DIRECTIONS:
Could you please retype exactly the lines from the start of the records below through the line that contains "Answer: Organic chamomile", both included, and leave out the pictures?

RECORDS FOR THIS TASK:

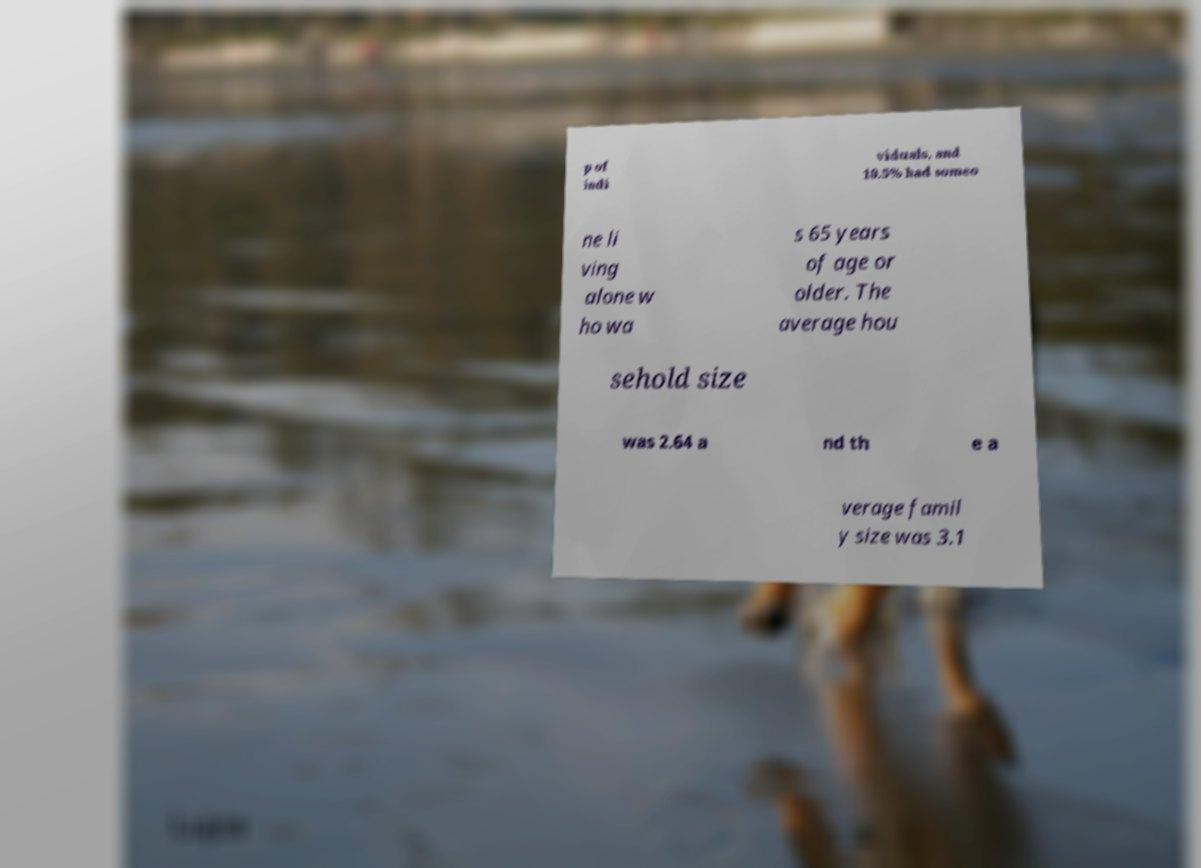I need the written content from this picture converted into text. Can you do that? p of indi viduals, and 10.5% had someo ne li ving alone w ho wa s 65 years of age or older. The average hou sehold size was 2.64 a nd th e a verage famil y size was 3.1 
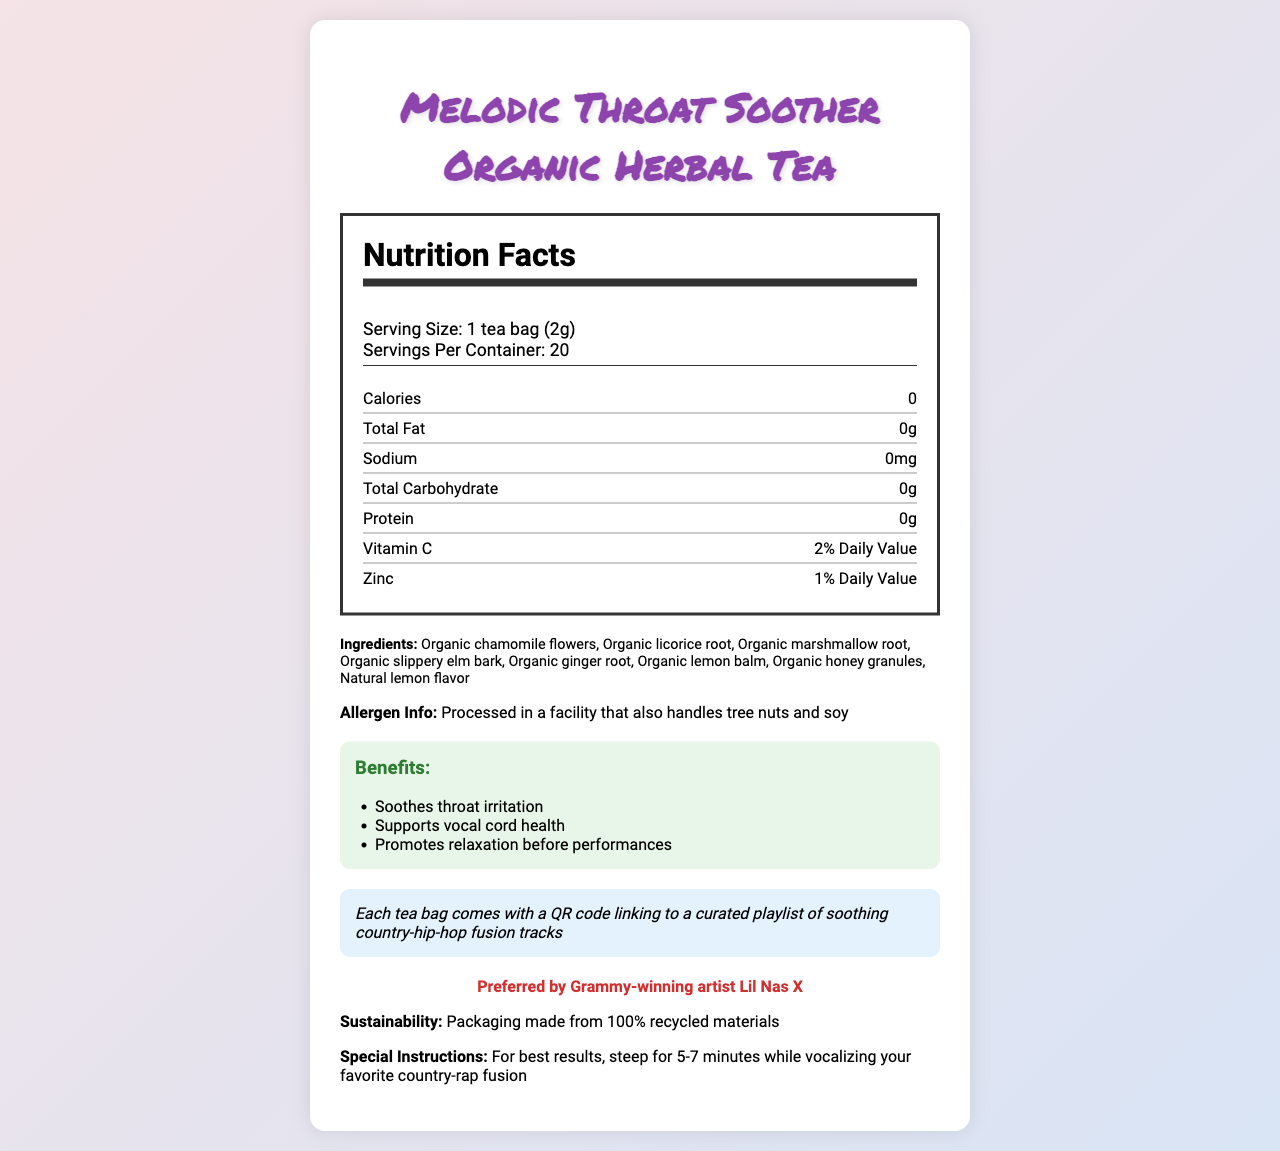what is the serving size for Melodic Throat Soother Organic Herbal Tea? The serving size is specified in the serving info section under Nutrition Facts.
Answer: 1 tea bag (2g) how many servings are there per container? The servings per container are mentioned next to the serving size in the Nutrition Facts section.
Answer: 20 how many calories are in one serving? The calories per serving are listed in the nutrient row under Nutrition Facts.
Answer: 0 what percentage of the Daily Value of Vitamin C is provided per serving? This information is listed in the nutrient row under Vitamin C in the Nutrition Facts section.
Answer: 2% Daily Value is any protein contained in this herbal tea? The protein content is listed as 0g in the Nutrition Facts section.
Answer: No which ingredients are included in Melodic Throat Soother Organic Herbal Tea? The ingredients are listed in the ingredients section of the document.
Answer: Organic chamomile flowers, Organic licorice root, Organic marshmallow root, Organic slippery elm bark, Organic ginger root, Organic lemon balm, Organic honey granules, Natural lemon flavor are there any allergens to be aware of? The allergen information is provided in a dedicated section below the ingredients.
Answer: Processed in a facility that also handles tree nuts and soy which music-inspired blends are mentioned in the document? These blends are mentioned in the description of the tea.
Answer: Nashville Nightingale Mix, Rap-sody Remedy True/False: The packaging of this product is made from recycled materials. The sustainability section mentions that the packaging is made from 100% recycled materials.
Answer: True which celebrity endorses Melodic Throat Soother Organic Herbal Tea? The celebrity endorsement section states that it is preferred by Grammy-winning artist Lil Nas X.
Answer: Lil Nas X how long should you steep the tea for best results? The special instructions part states to steep the tea for 5-7 minutes.
Answer: 5-7 minutes which of the following is not an ingredient in Melodic Throat Soother Organic Herbal Tea?
A. Organic chamomile flowers
B. Organic ginger root
C. Organic peppermint leaves
D. Natural lemon flavor The ingredients list does not mention Organic peppermint leaves.
Answer: C. Organic peppermint leaves which of the following benefits is not associated with this tea?
I. Soothes throat irritation
II. Supports vocal cord health
III. Aids in digestion
IV. Promotes relaxation before performances The benefits listed are for throat irritation, vocal cord health, and pre-performance relaxation.
Answer: III. Aids in digestion can you scan a QR code to access a curated playlist? The music note section mentions that each tea bag has a QR code linking to a curated playlist of soothing country-hip-hop fusion tracks.
Answer: Yes summarize the main idea of the document. The document highlights the nutritional aspects, ingredients, usage instructions, and special features like sustainability, music blends, and celebrity endorsement of the herbal tea.
Answer: The document provides information about Melodic Throat Soother Organic Herbal Tea, including its nutrition facts, ingredients, benefits, allergen info, and unique features like music-inspired blends, celebrity endorsement, and a QR code for a curated playlist. what is the price of Melodic Throat Soother Organic Herbal Tea? The document does not provide any information about the price of the tea.
Answer: Cannot be determined

SOLUTION FOR THIS PROBLEM:
I need the written content from this picture converted into text. Can you do that? p of indi viduals, and 10.5% had someo ne li ving alone w ho wa s 65 years of age or older. The average hou sehold size was 2.64 a nd th e a verage famil y size was 3.1 
what is the serving size for Melodic Throat Soother Organic Herbal Tea? The serving size is specified in the serving info section under Nutrition Facts.
Answer: 1 tea bag (2g) how many servings are there per container? The servings per container are mentioned next to the serving size in the Nutrition Facts section.
Answer: 20 how many calories are in one serving? The calories per serving are listed in the nutrient row under Nutrition Facts.
Answer: 0 what percentage of the Daily Value of Vitamin C is provided per serving? This information is listed in the nutrient row under Vitamin C in the Nutrition Facts section.
Answer: 2% Daily Value is any protein contained in this herbal tea? The protein content is listed as 0g in the Nutrition Facts section.
Answer: No which ingredients are included in Melodic Throat Soother Organic Herbal Tea? The ingredients are listed in the ingredients section of the document.
Answer: Organic chamomile flowers, Organic licorice root, Organic marshmallow root, Organic slippery elm bark, Organic ginger root, Organic lemon balm, Organic honey granules, Natural lemon flavor are there any allergens to be aware of? The allergen information is provided in a dedicated section below the ingredients.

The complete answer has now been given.